The Klan's explosive growth was not organic. PR professionals Edward Young Clark and Elizabeth Tyler treated the organization as a product, designing an aggressive sales operation and marketing message that resonated with public anxieties, transforming a failing club into a national force.
The KKK's success was not just about violence but about creating a social movement. It hosted picnics, parades, and even circuses, embedding its hateful ideology into ordinary, taken-for-granted community life for millions of white Protestants, making it seem normal and even wholesome.
The Indiana Klan operated a highly effective political organization. It compiled detailed data on all political candidates, published approved slates in church newsletters, and organized massive get-out-the-vote efforts, successfully installing a governor and dominating the state legislature.
The Klan's popularity waned partly because it succeeded. The passage of the restrictive Johnson-Reed Immigration Act of 1924 and the spread of state-level eugenics laws meant two of its central political objectives had been codified into law, making the organization itself seem less necessary to its members.
Following its demise, the KKK's violent legacy was completely sanitized by the 'Lost Cause' mythology.
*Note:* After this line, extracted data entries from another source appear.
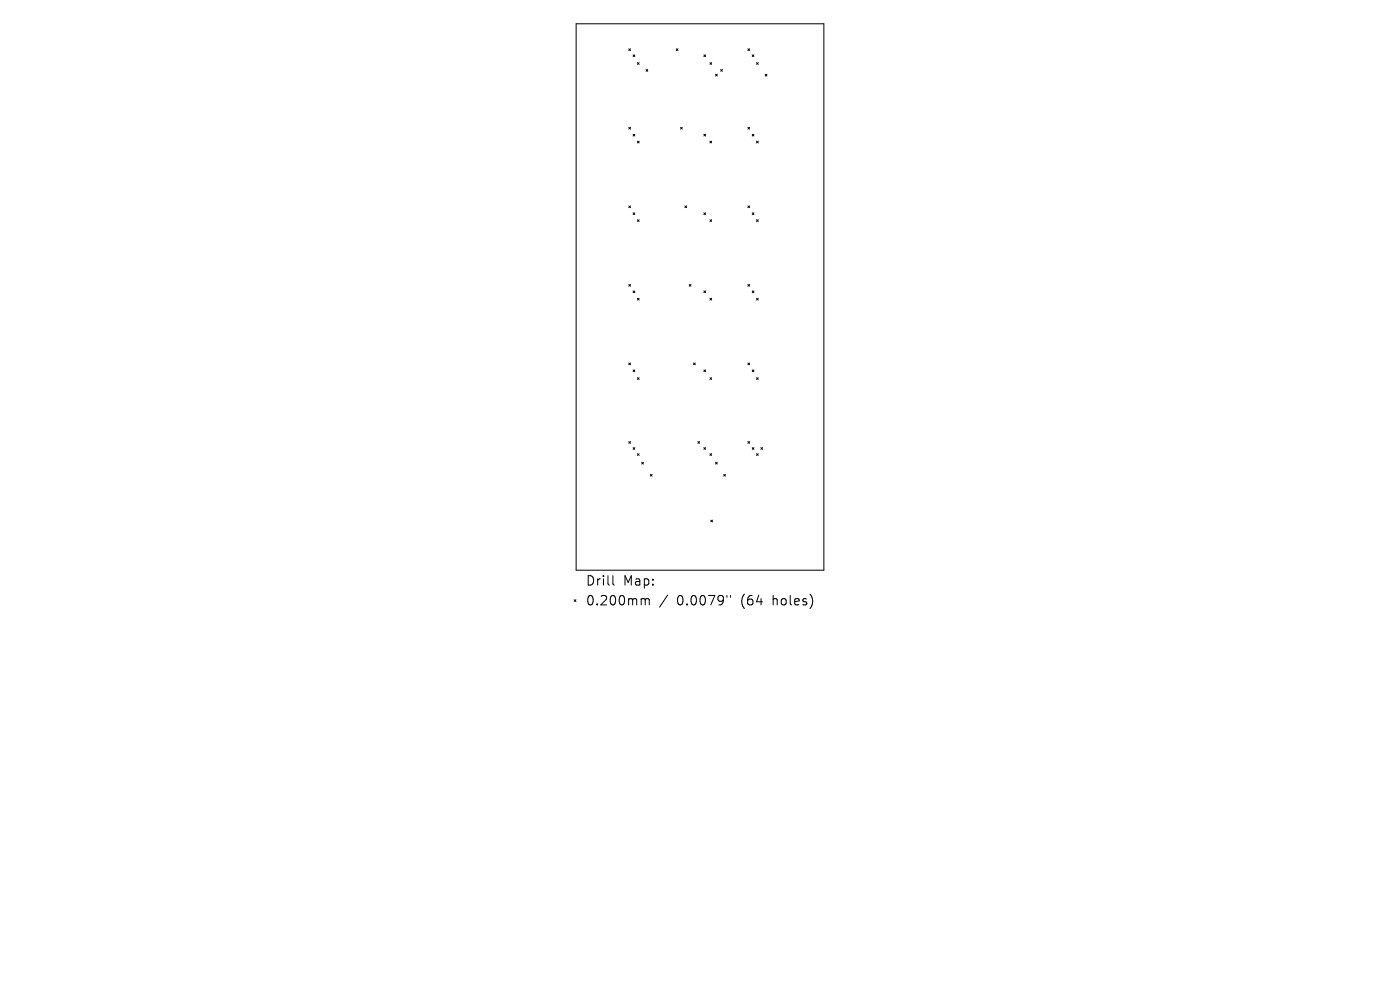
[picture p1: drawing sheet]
<svg xmlns="http://www.w3.org/2000/svg" width="297mm" height="210mm" viewBox="0 0 297 210" stroke-linecap="round" stroke-linejoin="round" font-family="sans-serif">
<defs><g id="words">
<g font-size="2.8">
<text x="124.2" y="124.5">Drill</text>
<text x="132.2" y="124.5">Map:</text>
<text x="124.2" y="128.7">0.200mm</text>
<text x="143.6" y="128.7">0.0079&quot;</text>
<text x="157.3" y="128.7">(64</text>
<text x="164.2" y="128.7">holes)</text>
</g>
</g></defs>
<g fill="none" stroke="#000" stroke-width=".21">
<path d="M122.2 5h52.6v116h-52.6zM133.4 10.4l.4 .3M133.8 10.4l-.4 .3M134.3 11.6l.4 .4M134.7 11.6l-.4 .4M135.2 13.3l.4 .4M135.6 13.3l-.4 .4M137.1 14.8l.3 .3M137.4 14.8l-.3 .3M143.5 10.4l.3 .3M143.8 10.4l-.3 .3M149.3 11.6l.4 .4"/>
<path d="M149.7 11.6l-.4 .4M150.6 13.3l.4 .4M151 13.3l-.4 .4M151.8 15.8l.4 .3M152.2 15.8l-.4 .3M152.9 14.8l.4 .3M153.3 14.8l-.4 .3M158.7 10.4l.3 .3M159 10.4l-.3 .3M159.6 11.6l.3 .4M159.9 11.6l-.3 .4M160.5 13.3l.4 .4"/>
<path d="M160.9 13.3l-.4 .4M162.3 15.8l.4 .3M162.7 15.8l-.4 .3M133.4 27l.4 .4M133.8 27l-.4 .4M134.3 28.5l.4 .4M134.7 28.5l-.4 .4M135.2 29.9l.4 .4M135.6 29.9l-.4 .4M144.4 27l.3 .4M144.7 27l-.3 .4M149.3 28.5l.4 .4"/>
<path d="M149.7 28.5l-.4 .4M150.6 29.9l.4 .4M151 29.9l-.4 .4M158.7 27l.3 .4M159 27l-.3 .4M159.6 28.5l.3 .4M159.9 28.5l-.3 .4M160.5 29.9l.4 .4M160.9 29.9l-.4 .4M133.4 43.7l.4 .3M133.8 43.7l-.4 .3M134.3 45.1l.4 .4"/>
<path d="M134.7 45.1l-.4 .4M135.2 46.6l.4 .4M135.6 46.6l-.4 .4M145.3 43.7l.4 .3M145.7 43.7l-.4 .3M149.3 45.1l.4 .4M149.7 45.1l-.4 .4M150.6 46.6l.4 .4M151 46.6l-.4 .4M158.7 43.7l.3 .3M159 43.7l-.3 .3M159.6 45.1l.3 .4"/>
<path d="M159.9 45.1l-.3 .4M160.5 46.6l.4 .4M160.9 46.6l-.4 .4M133.4 60.3l.4 .4M133.4 77l.4 .4M133.8 60.3l-.4 .4M133.8 77l-.4 .4M134.3 61.7l.4 .4M134.3 78.5l.4 .3M134.7 61.7l-.4 .4M134.7 78.5l-.4 .3M135.2 63.3l.4 .3"/>
<path d="M135.6 63.3l-.4 .3M146.2 60.3l.4 .4M146.6 60.3l-.4 .4M147.1 77l.4 .4M147.5 77l-.4 .4M149.3 61.7l.4 .4M149.3 78.5l.4 .3M149.7 61.7l-.4 .4M149.7 78.5l-.4 .3M150.6 63.3l.4 .3M151 63.3l-.4 .3M158.7 60.3l.3 .4"/>
<path d="M158.7 77l.3 .4M159 60.3l-.3 .4M159 77l-.3 .4M159.6 61.7l.3 .4M159.6 78.5l.3 .3M159.9 61.7l-.3 .4M159.9 78.5l-.3 .3M160.5 63.3l.4 .3M160.9 63.3l-.4 .3M133.4 93.7l.4 .3M133.8 93.7l-.4 .3M134.3 95l.4 .3"/>
<path d="M134.7 95l-.4 .3M135.2 80.1l.4 .4M135.2 96.2l.4 .4M135.6 80.1l-.4 .4M135.6 96.2l-.4 .4M136.1 98.1l.4 .3M136.5 98.1l-.4 .3M148 93.7l.4 .3M148.4 93.7l-.4 .3M149.3 95l.4 .3M149.7 95l-.4 .3M150.6 96.2l.4 .4"/>
<path d="M150.6 80.1l.4 .4M151 80.1l-.4 .4M151 96.2l-.4 .4M151.8 98.1l.4 .3M152.2 98.1l-.4 .3M158.7 93.7l.3 .3M159 93.7l-.3 .3M159.6 95l.3 .3M159.9 95l-.3 .3M160.5 80.1l.4 .4M160.5 96.2l.4 .4M160.9 80.1l-.4 .4"/>
<path d="M160.9 96.2l-.4 .4M161.4 95l.4 .3M161.8 95l-.4 .3M138 100.6l.3 .4M138.3 100.6l-.3 .4M150.8 110.3l.4 .4M151.2 110.3l-.4 .4M153.5 100.6l.4 .4M153.9 100.6l-.4 .4M121.8 127.2l.4 .4M122.2 127.2l-.4 .4M130 122.1v1.7l.3 .3"/>
<path d="M136.3 127h.3l.3 .3M136.9 127.3l.3-.3 .4 .1 .1 1.2M136.9 127.3v1M141.6 126.2l-1.7 2.6M154.2 126.3v.4M155 126.3v.4"/>
</g>
<use href="#words"/>
</svg>

Academic historians and popular culture, most notably D.W. Griffith's 1915 film 'The Birth of a Nation', recast the Klan not as racist terrorists but as swashbuckling defenders of civilization, a narrative that enabled its eventual rebirth.
Contrary to the image of a fringe movement, the Klan was composed of and led by the Southern elite. Eyewitness accounts consistently identified lawyers, doctors, planters, and sheriffs as perpetrators of the violence. This highlights how extremist movements can be driven by the most powerful and 'respectable' members of a society.
While not a perfect match for European fascism—it lacked a single charismatic leader and expansionist war goals—the 1920s KKK shared key traits: a cult of victimhood, paramilitary violence, mass rituals, and a demographic base of anxious, middle-class Protestants and small businessmen.
Contrary to its common image, the second Klan's strongholds were not in the former Confederacy but in future Rust Belt states like Indiana, Ohio, and Oregon. This reflects its primary focus on anti-immigrant and anti-Catholic sentiment rather than post-Civil War racial dynamics.